Roma, scorcio del foro romano con chiesa e statua di Cesare

A quasi trentatre anni dalla morte, è arrivata l’ora di fare i conti con la grandezza dimenticata di Giorgio Vigolo. Poeta, narratore, critico musicale (si legga il suo Mille e una sera all’opera e al concerto), traduttore indimenticabile della poesia di Hölderlin (su cui ha scritto uno splendido saggio introduttivo, pubblicato nell’edizione Oscar Mondadori dell’autore tedesco), valorizzatore di Giuseppe Gioachino Belli al rango di Poeta con l’iniziale maiuscola (oltre il riduttivismo vernacolare in cui, fino ad allora, veniva ghettizzato), Vigolo è – a tutti gli effetti – una delle “voci nascoste” più interessanti e significative del Novecento italiano. E ce ne sono di scrittori dimenticati da rileggere! La fortuna postuma dipende da svariati fattori, in parte casuali, in parte legati al sistema di convenienze critiche preposto alla storicizzazione, su cui influisce non poco la capacità di pubbliche relazioni dell’autore, e le pubbliche relazioni effettivamente intessute dall’autore in vita (o dagli eredi, dopo la sua morte).

roma La grande bellezza 2

Roma, fotogramma di La grande bellezza

Vigolo è stato uno degli autori più schivi e riservati del Novecento. Non a caso Magda Vigilante, responsabile dell’“Archivio Vigolo” presso la Biblioteca Nazionale Centrale di Roma, ha scritto un saggio biografico e critico dal titolo L’eremita di Roma. Vita e opere di Giorgio Vigolo (Fermenti, 2010). Questo spiega solo in parte l’oblio che si è posato, silenzioso come la polvere, sulla bellezza di opere come Conclave dei sogni e La luce ricorda, per la poesia, o Spettro solare e La Virgilia, per la narrativa; il resto si spiega con l’inattualità della sua scrittura colta, raffinata, lussureggiante, intrisa al midollo di una qualità letteraria lontana anni luce dagli sviluppi contemporanei del mercato editoriale. Eppure proprio questo anacronismo dovrebbe incuriosire e spingere, per attrazione dell’opposto complementare, alla riscoperta.       

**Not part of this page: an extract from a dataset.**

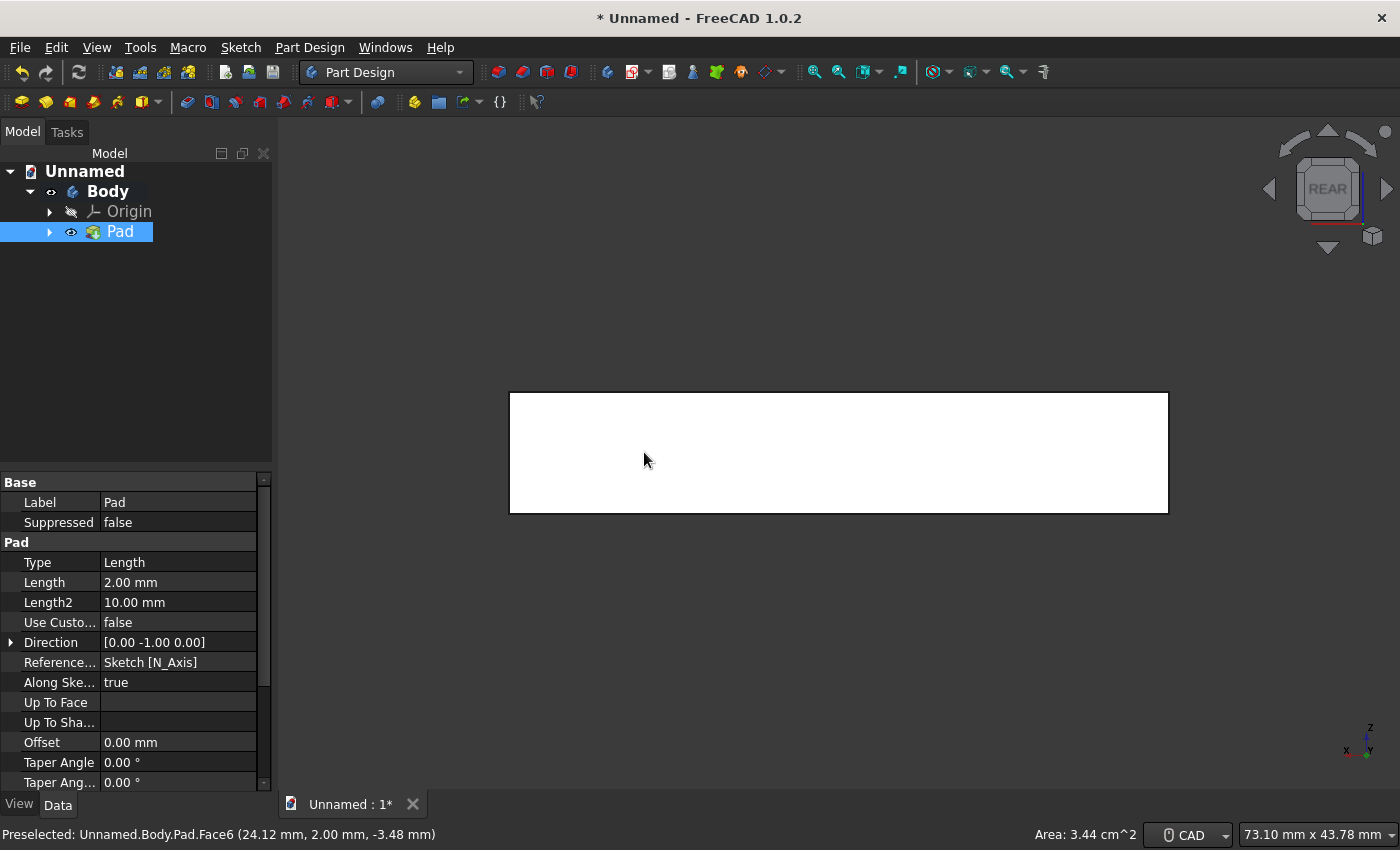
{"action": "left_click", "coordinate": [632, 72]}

Ne Le notti romane (Bompiani 1960, ripubblicato a giugno da EdiLet, Roma, pp. 196, Euro 14, a cura della succitata Vigilante) è possibile saggiare appieno la prosa lirica e visionaria di Vigolo, giocata nell’accensione della sua splendida potenza evocativa. Protagonista assoluta dei 15 racconti di cui consta il volume è una Roma onirica e misteriosa, ricca di anfratti simbolici, di scarti temporali, di sprofondamenti. Il racconto vigoliano si configura come avventura metafisica: «Cercare l’ignoto nel noto; immaginare che accanto alle strade, dove avevo tante volte passeggiato fin dall’infanzia, potessero esisterne altre così diverse e maravigliose». La realtà nota offre all’improvviso un varco per le dimensioni dell’ignoto. Ci sono crolli improvvisi, frane maceranti che aprono crepacci spazio-temporali, oltre i quali si penetra in altre dimensioni, parallele a quella diurna e normativa. Da qui, l’inganno delle cronologie: è «solo apparente» scrive Vigolo «la continuità della storia». La scrittura di questi racconti nasce da un’attitudine al meraviglioso: nel racconto “Il sogno delle formiche” si parla di «singolare disposizione alla penetrante lettura dei simboli e alla interpretazione ispirata delle figure». La realtà offre continui messaggi: presentimenti, avvertimenti, sibili, «istanze oscure del silenzio», «raggi dell’invisibile», apparizioni, mormorii, voci lontanissime che riverberano attraverso i muri… L’impianto visionario determina il rapido trascorrere delle immagini «fluenti le une nelle altre».  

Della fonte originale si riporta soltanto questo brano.